Edexcel IAL - Mechanics 2- 2.1 Centre of Mass of Discrete Masses (1D and 2D)- Study notes - New syllabus
Edexcel IAL – Mechanics 2- 2.1 Centre of Mass of Discrete Masses (1D and 2D) -Study notes- New syllabus
Edexcel IAL – Mechanics 2- 2.1 Centre of Mass of Discrete Masses (1D and 2D) -Study notes -Edexcel A level Maths- per latest Syllabus.
Key Concepts:
- 2.1 Centre of Mass of Discrete Masses (1D and 2D)
Centre of Mass of a Discrete Mass Distribution
The centre of mass of a system of particles is the single point at which the total mass of the system may be considered to act. It is the average position of the masses, weighted according to their magnitudes.
This concept is used extensively in mechanics to simplify problems involving motion and equilibrium.
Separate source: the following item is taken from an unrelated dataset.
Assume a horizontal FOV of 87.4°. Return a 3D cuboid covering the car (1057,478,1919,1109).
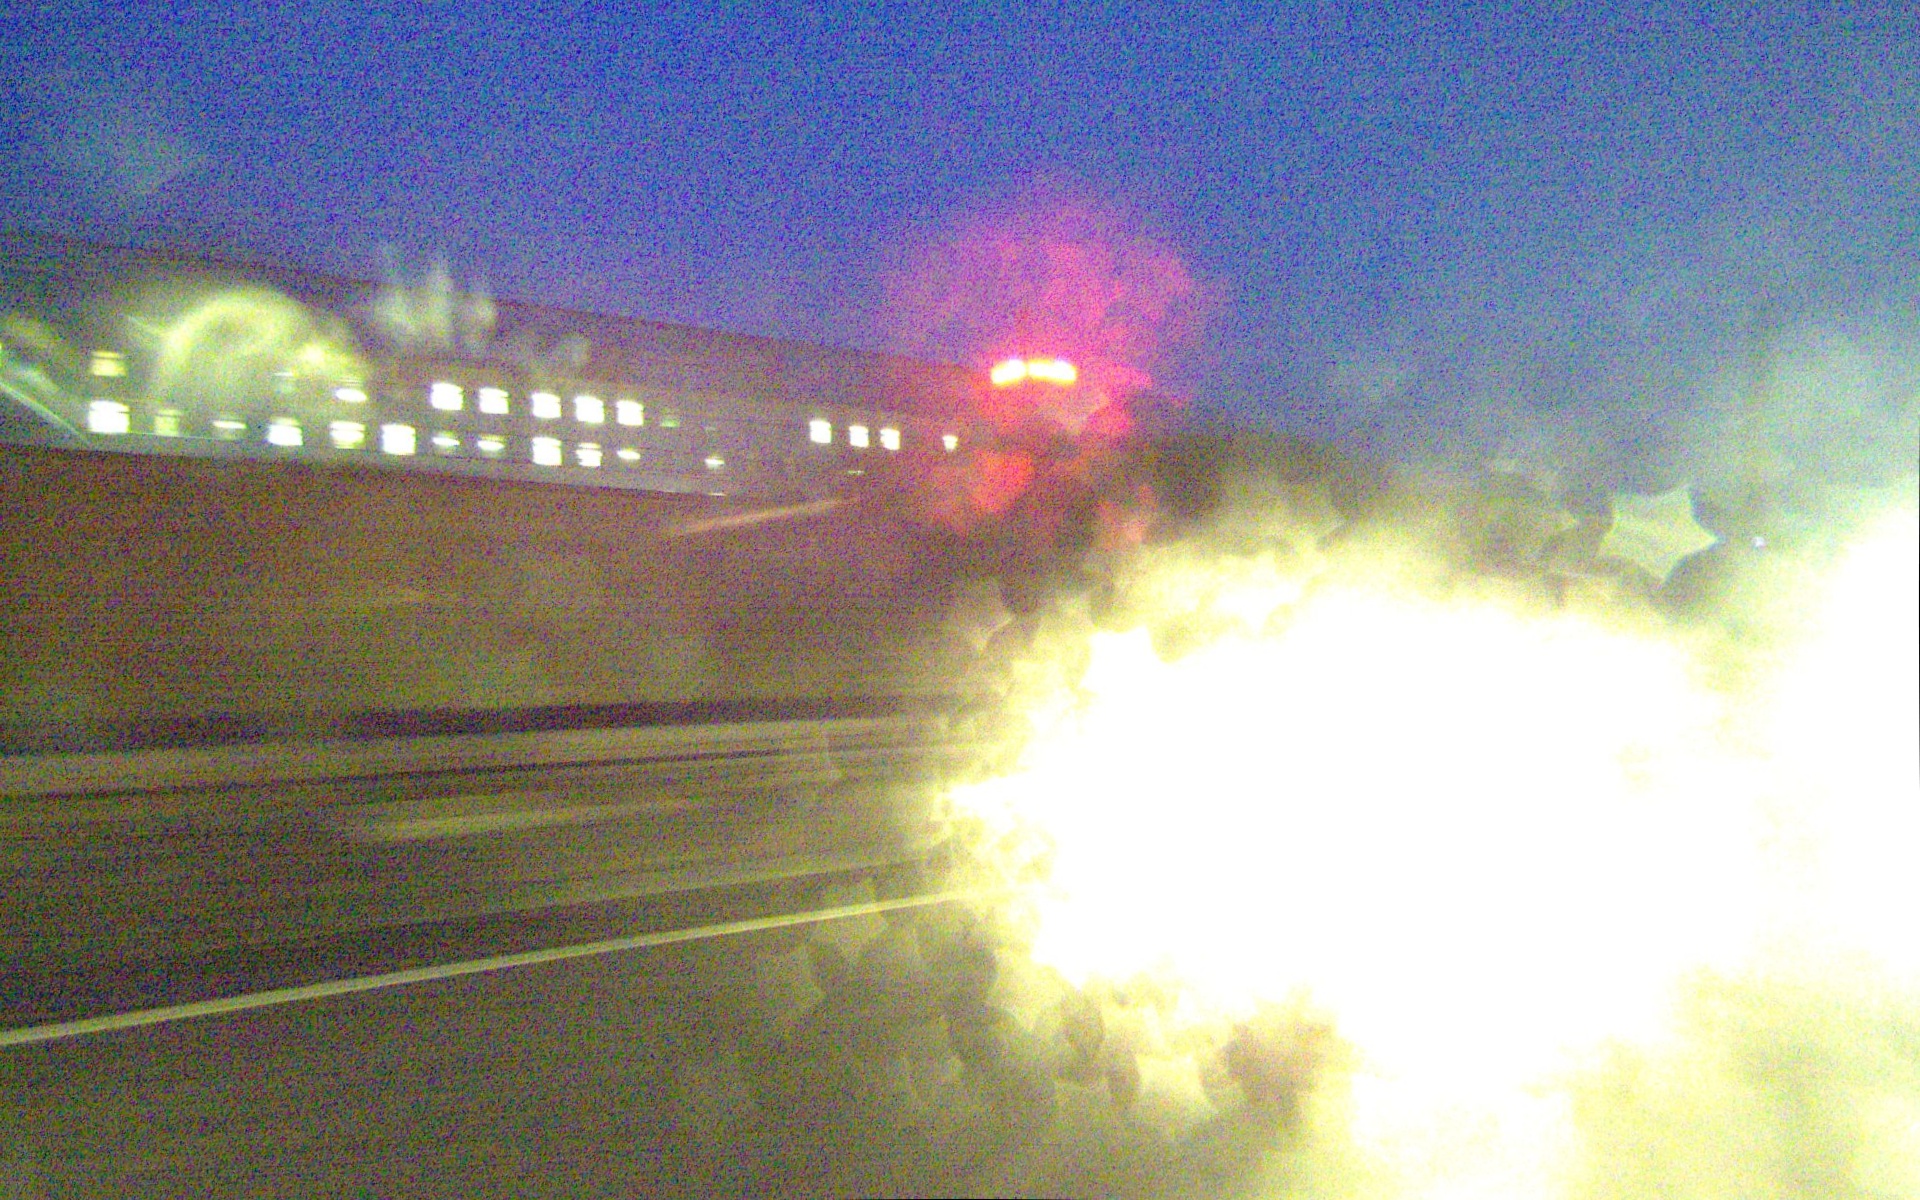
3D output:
[{"bbox_3d":[2.790,0.621,4.949,4.378,1.896,1.823,1,0,-31],"label":"car"}]

Centre of Mass in One Dimension
Consider a system of particles of masses \( m_1, m_2, \dots, m_n \) located at positions \( x_1, x_2, \dots, x_n \) on a straight line.
The coordinate of the centre of mass is given by
\( x = \dfrac{\sum m_ix_i}{\sum m_i} \)
Positions to the left of the chosen origin are taken as negative.
Centre of Mass in Two Dimensions
For particles in a plane, the centre of mass is found by considering each coordinate direction separately.
If particles of masses \( m_1, m_2, \dots, m_n \) are located at points \( (x_1, y_1), (x_2, y_2), \dots, (x_n, y_n) \), then
\( x = \dfrac{\sum m_ix_i}{\sum m_i} \)
\( y = \dfrac{\sum m_iy_i}{\sum m_i} \)
The centre of mass is the point \( (x, y) \).
Key Points
- The origin can be chosen for convenience
- The same method applies regardless of the number of particles
- Each coordinate direction is treated independently
Example :
Three particles of masses \( 2 \) kg, \( 3 \) kg, and \( 5 \) kg are placed on a straight line at positions \( x = 1 \) m, \( x = 4 \) m, and \( x = 7 \) m respectively. Find the position of the centre of mass.
▶️ Answer/Explanation
Use the one-dimensional centre of mass formula:
\( x = \dfrac{2(1) + 3(4) + 5(7)}{2 + 3 + 5} \)
\( x = \dfrac{2 + 12 + 35}{10} = \dfrac{49}{10} \)
Conclusion: The centre of mass is at \( x = 4.9 \) m.
Example :
Two particles of masses \( 4 \) kg and \( 6 \) kg are at positions \( x = -2 \) m and \( x = 3 \) m respectively. Find the centre of mass.
▶️ Answer/Explanation
Apply the formula, taking care with signs:
\( x = \dfrac{4(-2) + 6(3)}{4 + 6} \)
\( x = \dfrac{-8 + 18}{10} = 1 \)
Conclusion: The centre of mass is at \( x = 1 \) m.
Example :
Three particles of masses \( 1 \) kg, \( 2 \) kg, and \( 3 \) kg are located at points \( (2,1) \), \( (4,5) \), and \( (6,3) \) respectively. Find the coordinates of the centre of mass.
▶️ Answer/Explanation
Find the total mass:
\( \sum m = 1 + 2 + 3 = 6 \)
Find the \( x \)-coordinate:
\( x = \dfrac{1(2) + 2(4) + 3(6)}{6} = \dfrac{28}{6} = \dfrac{14}{3} \)
Find the \( y \)-coordinate:
\( y = \dfrac{1(1) + 2(5) + 3(3)}{6} = \dfrac{20}{6} = \dfrac{10}{3} \)
Conclusion: The centre of mass is at \( \left(\dfrac{14}{3}, \dfrac{10}{3}\right) \).